It isn’t guaranteed work, and it certainly has a peak season. But, once established, a working wedding band is a good way for a musician to have a solid income base. As Musician Wages website author Joe Beech says, “starting up … a wedding band offers a better guarantee of regular income than you might have with your original music.” He offers a good step-by-step plan for getting a band off the ground in “Start Your Own Wedding Band.” While I’ve outlined a few major points below, the article is a must-read for any musician considering getting into this business.
Most musicians may think only of the reception, assuming the service music will be taken care of by someone else. But why can’t one (or more) of the band members be that someone else? When forming the band, try to pick members with abilities in multiple genres, such as sacred music for the service or jazz for the cocktail hour. You increase your chances of getting hired, you’re able to command a larger fee, and the bride will be relieved that she only has to deal with one band.

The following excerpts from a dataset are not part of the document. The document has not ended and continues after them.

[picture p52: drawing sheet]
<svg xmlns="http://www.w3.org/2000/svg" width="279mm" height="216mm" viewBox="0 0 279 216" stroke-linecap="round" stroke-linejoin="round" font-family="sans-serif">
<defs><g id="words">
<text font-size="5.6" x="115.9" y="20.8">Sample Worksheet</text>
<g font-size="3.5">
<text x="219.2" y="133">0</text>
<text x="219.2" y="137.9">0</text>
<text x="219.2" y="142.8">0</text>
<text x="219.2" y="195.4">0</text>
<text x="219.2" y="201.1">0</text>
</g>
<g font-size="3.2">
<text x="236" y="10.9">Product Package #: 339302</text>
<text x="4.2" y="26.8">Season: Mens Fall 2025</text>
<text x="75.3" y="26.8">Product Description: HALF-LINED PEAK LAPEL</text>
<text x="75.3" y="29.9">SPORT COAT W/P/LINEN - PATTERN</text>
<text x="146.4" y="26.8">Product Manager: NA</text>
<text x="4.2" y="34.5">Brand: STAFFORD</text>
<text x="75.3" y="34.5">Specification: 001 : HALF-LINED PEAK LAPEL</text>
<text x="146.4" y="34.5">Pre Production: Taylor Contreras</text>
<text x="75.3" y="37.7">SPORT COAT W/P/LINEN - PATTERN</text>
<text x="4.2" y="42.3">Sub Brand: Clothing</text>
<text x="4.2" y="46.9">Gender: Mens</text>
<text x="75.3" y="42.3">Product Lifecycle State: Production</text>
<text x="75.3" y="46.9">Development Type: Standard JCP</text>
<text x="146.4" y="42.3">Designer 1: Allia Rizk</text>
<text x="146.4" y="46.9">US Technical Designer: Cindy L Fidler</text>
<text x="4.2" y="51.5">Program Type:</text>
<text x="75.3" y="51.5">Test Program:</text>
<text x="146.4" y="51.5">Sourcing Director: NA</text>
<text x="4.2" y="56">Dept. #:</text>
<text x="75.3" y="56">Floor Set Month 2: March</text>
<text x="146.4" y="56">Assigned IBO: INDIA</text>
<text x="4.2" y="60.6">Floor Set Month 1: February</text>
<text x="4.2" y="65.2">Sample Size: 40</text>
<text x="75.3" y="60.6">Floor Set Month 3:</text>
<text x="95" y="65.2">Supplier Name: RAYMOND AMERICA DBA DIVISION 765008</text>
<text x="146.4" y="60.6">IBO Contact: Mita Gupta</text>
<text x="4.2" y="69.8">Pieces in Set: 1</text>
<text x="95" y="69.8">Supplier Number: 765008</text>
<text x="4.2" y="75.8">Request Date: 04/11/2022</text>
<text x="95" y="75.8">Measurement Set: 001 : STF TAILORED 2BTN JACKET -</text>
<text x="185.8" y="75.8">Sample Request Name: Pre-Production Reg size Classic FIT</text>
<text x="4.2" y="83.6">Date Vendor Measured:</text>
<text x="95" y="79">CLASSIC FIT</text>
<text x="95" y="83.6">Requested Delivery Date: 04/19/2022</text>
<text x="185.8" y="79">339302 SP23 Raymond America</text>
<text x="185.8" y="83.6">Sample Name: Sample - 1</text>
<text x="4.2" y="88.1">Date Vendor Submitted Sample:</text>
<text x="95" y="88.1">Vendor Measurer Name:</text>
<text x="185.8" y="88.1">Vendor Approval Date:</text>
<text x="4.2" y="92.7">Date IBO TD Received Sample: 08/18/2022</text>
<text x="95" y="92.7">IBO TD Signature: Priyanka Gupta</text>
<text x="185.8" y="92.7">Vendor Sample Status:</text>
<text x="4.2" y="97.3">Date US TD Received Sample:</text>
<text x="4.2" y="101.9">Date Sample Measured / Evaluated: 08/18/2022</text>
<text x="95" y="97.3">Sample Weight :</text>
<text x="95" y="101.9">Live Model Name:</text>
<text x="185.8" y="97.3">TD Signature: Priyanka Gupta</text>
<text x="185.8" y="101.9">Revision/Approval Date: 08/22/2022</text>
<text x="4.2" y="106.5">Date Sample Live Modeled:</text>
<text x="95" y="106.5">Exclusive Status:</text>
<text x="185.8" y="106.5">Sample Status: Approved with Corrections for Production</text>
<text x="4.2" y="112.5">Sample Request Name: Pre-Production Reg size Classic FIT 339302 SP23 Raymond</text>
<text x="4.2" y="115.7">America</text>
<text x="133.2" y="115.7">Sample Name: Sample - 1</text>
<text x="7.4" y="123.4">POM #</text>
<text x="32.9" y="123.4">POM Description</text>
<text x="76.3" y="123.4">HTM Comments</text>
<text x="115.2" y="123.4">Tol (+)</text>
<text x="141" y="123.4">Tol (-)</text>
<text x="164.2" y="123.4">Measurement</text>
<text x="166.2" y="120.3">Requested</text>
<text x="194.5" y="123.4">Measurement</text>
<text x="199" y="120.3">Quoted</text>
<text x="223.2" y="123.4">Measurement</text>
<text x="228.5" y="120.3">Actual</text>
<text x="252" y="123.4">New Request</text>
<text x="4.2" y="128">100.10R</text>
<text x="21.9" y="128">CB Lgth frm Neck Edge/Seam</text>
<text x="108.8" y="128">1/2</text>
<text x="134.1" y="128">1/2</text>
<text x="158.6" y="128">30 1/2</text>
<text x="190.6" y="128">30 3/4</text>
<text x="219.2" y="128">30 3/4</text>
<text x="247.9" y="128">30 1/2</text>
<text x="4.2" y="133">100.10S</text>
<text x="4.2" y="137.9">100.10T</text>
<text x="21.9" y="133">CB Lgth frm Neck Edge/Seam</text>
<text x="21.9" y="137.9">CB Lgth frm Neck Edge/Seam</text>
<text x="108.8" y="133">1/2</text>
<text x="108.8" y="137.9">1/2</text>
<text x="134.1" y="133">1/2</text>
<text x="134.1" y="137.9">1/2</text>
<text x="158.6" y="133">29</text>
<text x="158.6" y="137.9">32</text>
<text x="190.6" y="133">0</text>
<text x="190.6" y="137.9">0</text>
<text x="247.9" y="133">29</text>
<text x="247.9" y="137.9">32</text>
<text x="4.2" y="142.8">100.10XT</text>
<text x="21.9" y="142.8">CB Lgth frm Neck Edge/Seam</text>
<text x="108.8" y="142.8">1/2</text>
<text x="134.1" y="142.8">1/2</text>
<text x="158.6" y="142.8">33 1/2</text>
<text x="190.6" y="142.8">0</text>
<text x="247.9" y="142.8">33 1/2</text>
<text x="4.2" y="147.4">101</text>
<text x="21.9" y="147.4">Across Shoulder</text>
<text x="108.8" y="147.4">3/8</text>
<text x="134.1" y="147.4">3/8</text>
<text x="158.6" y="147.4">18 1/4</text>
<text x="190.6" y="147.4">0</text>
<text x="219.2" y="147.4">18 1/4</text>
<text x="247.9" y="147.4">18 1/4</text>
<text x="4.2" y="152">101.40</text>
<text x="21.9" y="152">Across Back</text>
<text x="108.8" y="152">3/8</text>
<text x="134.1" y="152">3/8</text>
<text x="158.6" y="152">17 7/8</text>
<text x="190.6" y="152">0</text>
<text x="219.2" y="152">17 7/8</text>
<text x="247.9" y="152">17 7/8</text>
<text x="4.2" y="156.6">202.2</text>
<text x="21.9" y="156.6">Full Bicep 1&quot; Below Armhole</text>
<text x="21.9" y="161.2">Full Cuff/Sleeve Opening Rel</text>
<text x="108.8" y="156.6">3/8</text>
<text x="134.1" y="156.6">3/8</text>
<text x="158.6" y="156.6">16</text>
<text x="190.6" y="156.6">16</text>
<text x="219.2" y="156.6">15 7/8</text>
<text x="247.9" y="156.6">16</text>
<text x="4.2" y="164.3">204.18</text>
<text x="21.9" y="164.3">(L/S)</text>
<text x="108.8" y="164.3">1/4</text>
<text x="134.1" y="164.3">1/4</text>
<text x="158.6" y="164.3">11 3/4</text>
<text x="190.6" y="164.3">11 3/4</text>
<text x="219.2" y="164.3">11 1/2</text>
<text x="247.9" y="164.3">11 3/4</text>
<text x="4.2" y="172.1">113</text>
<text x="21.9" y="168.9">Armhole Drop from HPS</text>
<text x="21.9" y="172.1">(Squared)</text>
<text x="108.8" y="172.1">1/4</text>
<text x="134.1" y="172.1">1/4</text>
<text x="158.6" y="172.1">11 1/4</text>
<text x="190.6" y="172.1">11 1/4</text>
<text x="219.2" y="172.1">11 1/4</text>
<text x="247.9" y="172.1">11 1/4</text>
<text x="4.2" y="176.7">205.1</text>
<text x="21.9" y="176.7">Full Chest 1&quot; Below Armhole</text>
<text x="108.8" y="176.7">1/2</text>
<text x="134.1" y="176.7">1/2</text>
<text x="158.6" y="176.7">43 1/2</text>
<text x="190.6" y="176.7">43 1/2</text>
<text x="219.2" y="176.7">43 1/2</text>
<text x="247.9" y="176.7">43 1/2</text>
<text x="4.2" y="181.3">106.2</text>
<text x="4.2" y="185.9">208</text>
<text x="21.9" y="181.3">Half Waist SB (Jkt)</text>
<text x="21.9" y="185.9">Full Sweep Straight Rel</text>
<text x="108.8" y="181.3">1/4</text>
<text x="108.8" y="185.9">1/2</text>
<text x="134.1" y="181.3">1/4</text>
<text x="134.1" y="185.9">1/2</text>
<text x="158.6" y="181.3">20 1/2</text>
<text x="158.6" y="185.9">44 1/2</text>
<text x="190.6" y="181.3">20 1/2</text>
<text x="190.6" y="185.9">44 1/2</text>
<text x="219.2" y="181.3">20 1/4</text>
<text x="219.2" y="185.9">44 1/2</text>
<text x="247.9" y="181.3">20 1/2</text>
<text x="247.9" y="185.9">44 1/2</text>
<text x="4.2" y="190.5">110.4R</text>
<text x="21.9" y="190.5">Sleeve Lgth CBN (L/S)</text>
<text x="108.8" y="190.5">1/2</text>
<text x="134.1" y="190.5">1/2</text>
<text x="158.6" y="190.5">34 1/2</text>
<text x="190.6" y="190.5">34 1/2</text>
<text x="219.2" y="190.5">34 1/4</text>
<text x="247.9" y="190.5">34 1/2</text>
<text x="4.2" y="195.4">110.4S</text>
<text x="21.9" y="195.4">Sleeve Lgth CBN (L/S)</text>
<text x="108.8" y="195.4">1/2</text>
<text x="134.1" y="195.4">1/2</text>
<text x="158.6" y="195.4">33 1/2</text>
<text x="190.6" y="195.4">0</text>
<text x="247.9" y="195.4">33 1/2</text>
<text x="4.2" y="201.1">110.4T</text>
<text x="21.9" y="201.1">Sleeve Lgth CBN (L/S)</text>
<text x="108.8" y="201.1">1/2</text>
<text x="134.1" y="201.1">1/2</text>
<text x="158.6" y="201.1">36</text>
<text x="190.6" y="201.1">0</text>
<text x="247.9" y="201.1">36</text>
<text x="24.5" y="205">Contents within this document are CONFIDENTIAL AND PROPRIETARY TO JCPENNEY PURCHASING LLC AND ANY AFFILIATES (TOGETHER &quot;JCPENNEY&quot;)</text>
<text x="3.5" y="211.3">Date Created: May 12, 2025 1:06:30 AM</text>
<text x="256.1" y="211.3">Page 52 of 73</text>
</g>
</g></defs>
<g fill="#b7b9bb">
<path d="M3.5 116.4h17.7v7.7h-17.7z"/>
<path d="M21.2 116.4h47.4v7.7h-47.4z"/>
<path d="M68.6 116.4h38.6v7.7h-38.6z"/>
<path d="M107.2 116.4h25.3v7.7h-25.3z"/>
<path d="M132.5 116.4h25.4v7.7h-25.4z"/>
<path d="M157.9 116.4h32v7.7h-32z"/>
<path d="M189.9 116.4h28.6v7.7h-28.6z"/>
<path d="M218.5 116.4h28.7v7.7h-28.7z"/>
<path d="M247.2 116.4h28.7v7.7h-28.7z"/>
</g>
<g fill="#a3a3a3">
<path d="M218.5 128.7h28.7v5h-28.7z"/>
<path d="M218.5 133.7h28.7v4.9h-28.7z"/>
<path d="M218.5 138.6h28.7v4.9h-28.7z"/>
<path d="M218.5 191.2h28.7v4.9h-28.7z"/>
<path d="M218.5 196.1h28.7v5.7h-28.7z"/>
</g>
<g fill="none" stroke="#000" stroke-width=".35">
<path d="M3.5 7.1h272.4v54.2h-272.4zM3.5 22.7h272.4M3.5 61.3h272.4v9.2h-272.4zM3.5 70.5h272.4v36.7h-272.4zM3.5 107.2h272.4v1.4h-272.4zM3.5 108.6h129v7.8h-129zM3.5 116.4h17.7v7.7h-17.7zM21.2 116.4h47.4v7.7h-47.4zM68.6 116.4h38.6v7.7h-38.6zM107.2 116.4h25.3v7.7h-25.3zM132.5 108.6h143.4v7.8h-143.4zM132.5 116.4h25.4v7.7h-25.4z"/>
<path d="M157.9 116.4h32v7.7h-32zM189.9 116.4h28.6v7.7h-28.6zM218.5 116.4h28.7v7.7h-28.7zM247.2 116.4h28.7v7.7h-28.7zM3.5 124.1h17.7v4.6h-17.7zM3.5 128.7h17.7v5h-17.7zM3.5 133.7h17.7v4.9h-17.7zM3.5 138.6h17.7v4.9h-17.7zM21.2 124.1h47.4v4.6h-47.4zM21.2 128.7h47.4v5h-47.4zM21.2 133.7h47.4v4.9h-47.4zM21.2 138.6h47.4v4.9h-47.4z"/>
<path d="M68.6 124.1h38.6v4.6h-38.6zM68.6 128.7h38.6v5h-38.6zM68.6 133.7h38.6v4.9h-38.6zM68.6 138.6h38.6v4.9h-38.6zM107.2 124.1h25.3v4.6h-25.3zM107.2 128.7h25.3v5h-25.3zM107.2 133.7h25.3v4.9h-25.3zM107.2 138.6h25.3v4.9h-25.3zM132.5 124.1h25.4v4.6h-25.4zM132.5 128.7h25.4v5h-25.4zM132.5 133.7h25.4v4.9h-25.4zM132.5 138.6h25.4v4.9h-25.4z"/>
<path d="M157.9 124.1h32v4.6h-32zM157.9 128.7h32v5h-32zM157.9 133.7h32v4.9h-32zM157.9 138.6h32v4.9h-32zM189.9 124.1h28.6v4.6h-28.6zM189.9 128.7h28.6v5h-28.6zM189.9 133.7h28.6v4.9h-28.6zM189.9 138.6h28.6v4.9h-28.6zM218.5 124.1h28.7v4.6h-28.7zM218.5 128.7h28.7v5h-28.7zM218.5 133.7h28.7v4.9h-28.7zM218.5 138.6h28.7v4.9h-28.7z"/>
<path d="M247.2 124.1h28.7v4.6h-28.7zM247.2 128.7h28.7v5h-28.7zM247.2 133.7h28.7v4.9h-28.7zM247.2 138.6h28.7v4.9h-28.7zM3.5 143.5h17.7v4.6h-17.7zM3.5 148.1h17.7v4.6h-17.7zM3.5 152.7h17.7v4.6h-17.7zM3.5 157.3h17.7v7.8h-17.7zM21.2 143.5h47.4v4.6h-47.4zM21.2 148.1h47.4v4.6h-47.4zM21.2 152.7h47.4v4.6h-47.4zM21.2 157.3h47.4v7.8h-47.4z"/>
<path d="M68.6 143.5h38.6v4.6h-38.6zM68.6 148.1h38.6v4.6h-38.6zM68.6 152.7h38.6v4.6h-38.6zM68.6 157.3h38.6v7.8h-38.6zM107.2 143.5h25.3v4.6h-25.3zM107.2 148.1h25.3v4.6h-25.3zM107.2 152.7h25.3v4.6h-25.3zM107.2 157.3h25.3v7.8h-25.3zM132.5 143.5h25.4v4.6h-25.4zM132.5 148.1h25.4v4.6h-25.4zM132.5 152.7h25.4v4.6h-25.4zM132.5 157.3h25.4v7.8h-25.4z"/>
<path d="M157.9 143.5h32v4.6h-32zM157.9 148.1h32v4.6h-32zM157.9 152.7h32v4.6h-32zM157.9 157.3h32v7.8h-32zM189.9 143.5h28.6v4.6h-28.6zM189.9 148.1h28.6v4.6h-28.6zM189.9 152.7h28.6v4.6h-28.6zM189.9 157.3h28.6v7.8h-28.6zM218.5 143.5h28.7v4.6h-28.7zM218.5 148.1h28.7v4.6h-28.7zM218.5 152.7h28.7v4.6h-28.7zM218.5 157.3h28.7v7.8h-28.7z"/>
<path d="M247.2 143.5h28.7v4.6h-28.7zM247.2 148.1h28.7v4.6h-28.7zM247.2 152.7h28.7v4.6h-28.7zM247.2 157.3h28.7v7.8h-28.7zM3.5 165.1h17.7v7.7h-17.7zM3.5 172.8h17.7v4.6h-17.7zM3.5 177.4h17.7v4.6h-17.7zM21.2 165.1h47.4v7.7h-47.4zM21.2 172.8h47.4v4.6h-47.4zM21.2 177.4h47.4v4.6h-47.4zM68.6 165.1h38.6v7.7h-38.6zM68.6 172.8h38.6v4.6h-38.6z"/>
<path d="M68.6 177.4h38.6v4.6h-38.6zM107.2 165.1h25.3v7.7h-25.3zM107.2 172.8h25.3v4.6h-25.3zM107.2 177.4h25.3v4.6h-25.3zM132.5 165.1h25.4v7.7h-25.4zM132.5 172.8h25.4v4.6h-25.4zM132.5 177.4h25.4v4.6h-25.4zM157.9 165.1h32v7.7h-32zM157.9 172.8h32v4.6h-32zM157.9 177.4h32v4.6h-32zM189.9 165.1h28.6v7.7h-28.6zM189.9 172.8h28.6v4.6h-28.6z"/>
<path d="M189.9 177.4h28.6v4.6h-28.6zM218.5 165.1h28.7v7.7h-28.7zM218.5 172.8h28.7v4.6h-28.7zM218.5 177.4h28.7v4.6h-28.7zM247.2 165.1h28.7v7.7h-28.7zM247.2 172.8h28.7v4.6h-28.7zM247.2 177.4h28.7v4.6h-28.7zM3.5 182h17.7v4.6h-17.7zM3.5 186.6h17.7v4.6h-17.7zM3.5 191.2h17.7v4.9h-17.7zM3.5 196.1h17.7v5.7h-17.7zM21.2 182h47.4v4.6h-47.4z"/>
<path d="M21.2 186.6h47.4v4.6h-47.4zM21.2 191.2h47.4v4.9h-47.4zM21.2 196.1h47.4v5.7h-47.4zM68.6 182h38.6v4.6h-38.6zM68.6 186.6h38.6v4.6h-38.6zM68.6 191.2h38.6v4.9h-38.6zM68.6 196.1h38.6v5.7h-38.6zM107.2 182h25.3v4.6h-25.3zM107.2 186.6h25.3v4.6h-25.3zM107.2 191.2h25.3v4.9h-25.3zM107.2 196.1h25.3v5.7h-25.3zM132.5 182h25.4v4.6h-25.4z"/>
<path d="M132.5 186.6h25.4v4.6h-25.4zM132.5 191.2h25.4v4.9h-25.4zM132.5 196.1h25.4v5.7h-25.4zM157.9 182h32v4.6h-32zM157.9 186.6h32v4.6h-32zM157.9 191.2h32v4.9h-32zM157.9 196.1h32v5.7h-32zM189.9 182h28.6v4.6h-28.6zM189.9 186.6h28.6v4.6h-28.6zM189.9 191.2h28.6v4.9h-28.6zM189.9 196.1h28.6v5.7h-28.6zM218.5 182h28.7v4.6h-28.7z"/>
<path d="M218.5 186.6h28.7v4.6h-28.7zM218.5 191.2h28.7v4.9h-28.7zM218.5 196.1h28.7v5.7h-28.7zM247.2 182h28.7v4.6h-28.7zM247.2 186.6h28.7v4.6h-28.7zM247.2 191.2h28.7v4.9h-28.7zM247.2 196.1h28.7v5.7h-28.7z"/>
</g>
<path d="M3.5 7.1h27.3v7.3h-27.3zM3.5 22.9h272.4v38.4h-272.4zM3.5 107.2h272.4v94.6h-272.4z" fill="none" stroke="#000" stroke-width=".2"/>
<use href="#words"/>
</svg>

In addition to picking good musicians, the wedding bandleader must also consider dress and repertorie. No shorts or jeans here, folks; very likely you’ll wear formal attire, or at least suits and nice dresses. And the set list will probably include several tunes you probably wouldn’t play in a bar. “Sunrise, Sunset” comes to mind as an example.
Remember: this is an industry, and you’ll need good marketing tactics. Booking agents are one way of getting gigs, but they may not be as consistent as you’d like, and they’ll also add to the cost. Other marketing avenues include networking with wedding planners, attending wedding expos or bridal shows, brochures, wedding planning phone apps, and the obligatory video demo.
As I’ve said elsewhere in my blog, it is critical for musicians to diversify their incomes from many different sources, even as they work toward their ultimate dreams. But whether that dream is writing the next big hit, becoming a regular session player, landing a job as a Broadway orchestra musician, or touring with a famous band, the bills still have to be paid. And good wedding bands make good money – from $1,200 and up – without the hassle of promoting the show. So while performing in a wedding band may not be your ultimate goal, it is certainly one way of making sure that your progress toward that goal remains funded.